• [What is being asked] Only the lines below starting at the one containing "2. board game" and ending at the one containing "Horizontal angle of view: 49.0°." belong in the answer, each copied exactly.

• [Material provided]
········

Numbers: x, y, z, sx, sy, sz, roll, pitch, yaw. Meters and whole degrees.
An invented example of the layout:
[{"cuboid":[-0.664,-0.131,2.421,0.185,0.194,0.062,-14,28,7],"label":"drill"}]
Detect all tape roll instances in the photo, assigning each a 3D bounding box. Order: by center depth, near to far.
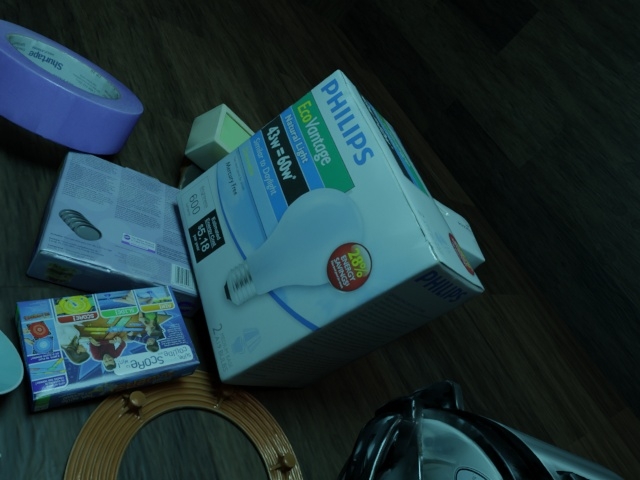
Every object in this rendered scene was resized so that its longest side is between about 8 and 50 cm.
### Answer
[{"cuboid":[-0.455,-0.263,0.858,0.274,0.090,0.275,33,16,-11],"label":"tape roll"}]

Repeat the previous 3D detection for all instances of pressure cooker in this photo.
[{"cuboid":[0.189,0.410,0.590,0.420,0.376,0.370,28,5,-24],"label":"pressure cooker"}]

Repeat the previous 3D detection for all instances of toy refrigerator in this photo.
[{"cuboid":[-0.150,-0.156,1.060,0.269,0.094,0.102,42,43,-43],"label":"toy refrigerator"}]

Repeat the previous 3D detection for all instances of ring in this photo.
[{"cuboid":[-0.147,0.312,0.633,0.336,0.032,0.337,30,33,-22],"label":"ring"}]

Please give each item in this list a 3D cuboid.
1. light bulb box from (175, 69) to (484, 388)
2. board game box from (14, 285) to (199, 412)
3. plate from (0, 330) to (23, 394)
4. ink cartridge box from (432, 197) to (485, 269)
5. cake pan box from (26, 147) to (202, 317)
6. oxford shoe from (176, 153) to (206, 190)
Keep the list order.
[{"cuboid":[0.000,0.000,0.808,0.225,0.361,0.358,27,36,-55],"label":"light bulb box"},{"cuboid":[-0.278,0.132,0.656,0.201,0.035,0.136,-3,50,-39],"label":"board game box"},{"cuboid":[-0.403,0.105,0.518,0.188,0.024,0.188,40,-5,4],"label":"plate"},{"cuboid":[0.142,0.053,1.033,0.223,0.307,0.129,26,33,-27],"label":"ink cartridge box"},{"cuboid":[-0.307,-0.014,0.817,0.266,0.070,0.246,21,39,-34],"label":"cake pan box"},{"cuboid":[-0.263,-0.136,1.034,0.076,0.075,0.212,52,35,-38],"label":"oxford shoe"}]
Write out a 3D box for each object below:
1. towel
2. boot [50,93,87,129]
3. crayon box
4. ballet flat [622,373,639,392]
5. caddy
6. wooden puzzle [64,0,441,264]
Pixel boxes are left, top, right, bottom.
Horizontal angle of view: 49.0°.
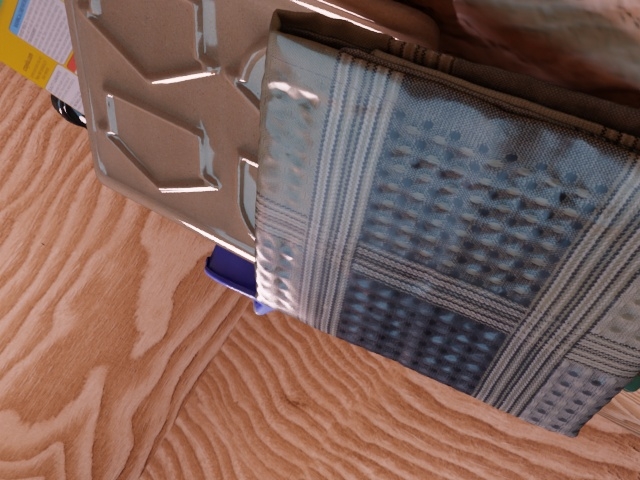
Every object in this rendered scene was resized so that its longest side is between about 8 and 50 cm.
[{"bbox_3d":[0.101,0.008,0.502,0.312,0.056,0.324,23,145,9],"label":"towel"},{"bbox_3d":[-0.266,-0.191,1.234,0.260,0.131,0.348,36,-167,24],"label":"boot"},{"bbox_3d":[-0.283,-0.243,0.732,0.323,0.083,0.203,33,154,-22],"label":"crayon box"},{"bbox_3d":[0.478,0.212,1.213,0.168,0.057,0.052,33,-174,-13],"label":"ballet flat"},{"bbox_3d":[-0.088,0.051,1.308,0.242,0.179,0.341,20,-178,-9],"label":"caddy"},{"bbox_3d":[-0.068,-0.108,0.598,0.322,0.080,0.347,27,145,16],"label":"wooden puzzle"}]
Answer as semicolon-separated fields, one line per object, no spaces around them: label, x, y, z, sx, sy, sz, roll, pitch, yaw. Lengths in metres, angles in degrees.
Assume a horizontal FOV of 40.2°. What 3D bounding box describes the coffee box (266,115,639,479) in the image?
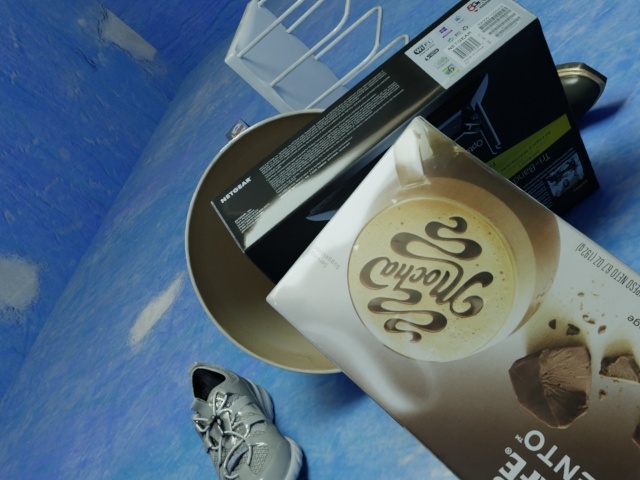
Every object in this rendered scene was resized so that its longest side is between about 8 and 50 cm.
coffee box;0.134;0.078;0.577;0.297;0.119;0.168;41;92;26

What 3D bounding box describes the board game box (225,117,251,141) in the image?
board game box;-0.062;-0.111;1.400;0.042;0.165;0.243;-50;23;4

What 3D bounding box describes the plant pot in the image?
plant pot;0.000;0.000;1.024;0.284;0.284;0.191;-51;-1;2

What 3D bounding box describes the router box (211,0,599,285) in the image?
router box;0.092;-0.044;0.813;0.309;0.243;0.081;-38;47;1

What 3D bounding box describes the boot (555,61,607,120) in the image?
boot;0.227;-0.098;0.961;0.198;0.077;0.137;-40;26;60

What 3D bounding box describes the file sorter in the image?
file sorter;0.028;-0.276;1.334;0.173;0.278;0.193;-35;27;31

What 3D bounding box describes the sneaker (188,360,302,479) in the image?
sneaker;-0.108;0.232;1.024;0.105;0.115;0.281;-51;22;0

········

• [Response to this task]
2. board game box from (14, 285) to (199, 412)
3. plate from (0, 330) to (23, 394)
4. ink cartridge box from (432, 197) to (485, 269)
5. cake pan box from (26, 147) to (202, 317)
6. oxford shoe from (176, 153) to (206, 190)
Keep the list order.
[{"cuboid":[0.000,0.000,0.808,0.225,0.361,0.358,27,36,-55],"label":"light bulb box"},{"cuboid":[-0.278,0.132,0.656,0.201,0.035,0.136,-3,50,-39],"label":"board game box"},{"cuboid":[-0.403,0.105,0.518,0.188,0.024,0.188,40,-5,4],"label":"plate"},{"cuboid":[0.142,0.053,1.033,0.223,0.307,0.129,26,33,-27],"label":"ink cartridge box"},{"cuboid":[-0.307,-0.014,0.817,0.266,0.070,0.246,21,39,-34],"label":"cake pan box"},{"cuboid":[-0.263,-0.136,1.034,0.076,0.075,0.212,52,35,-38],"label":"oxford shoe"}]
Write out a 3D box for each object below:
1. towel
2. boot [50,93,87,129]
3. crayon box
4. ballet flat [622,373,639,392]
5. caddy
6. wooden puzzle [64,0,441,264]
Pixel boxes are left, top, right, bottom.
Horizontal angle of view: 49.0°.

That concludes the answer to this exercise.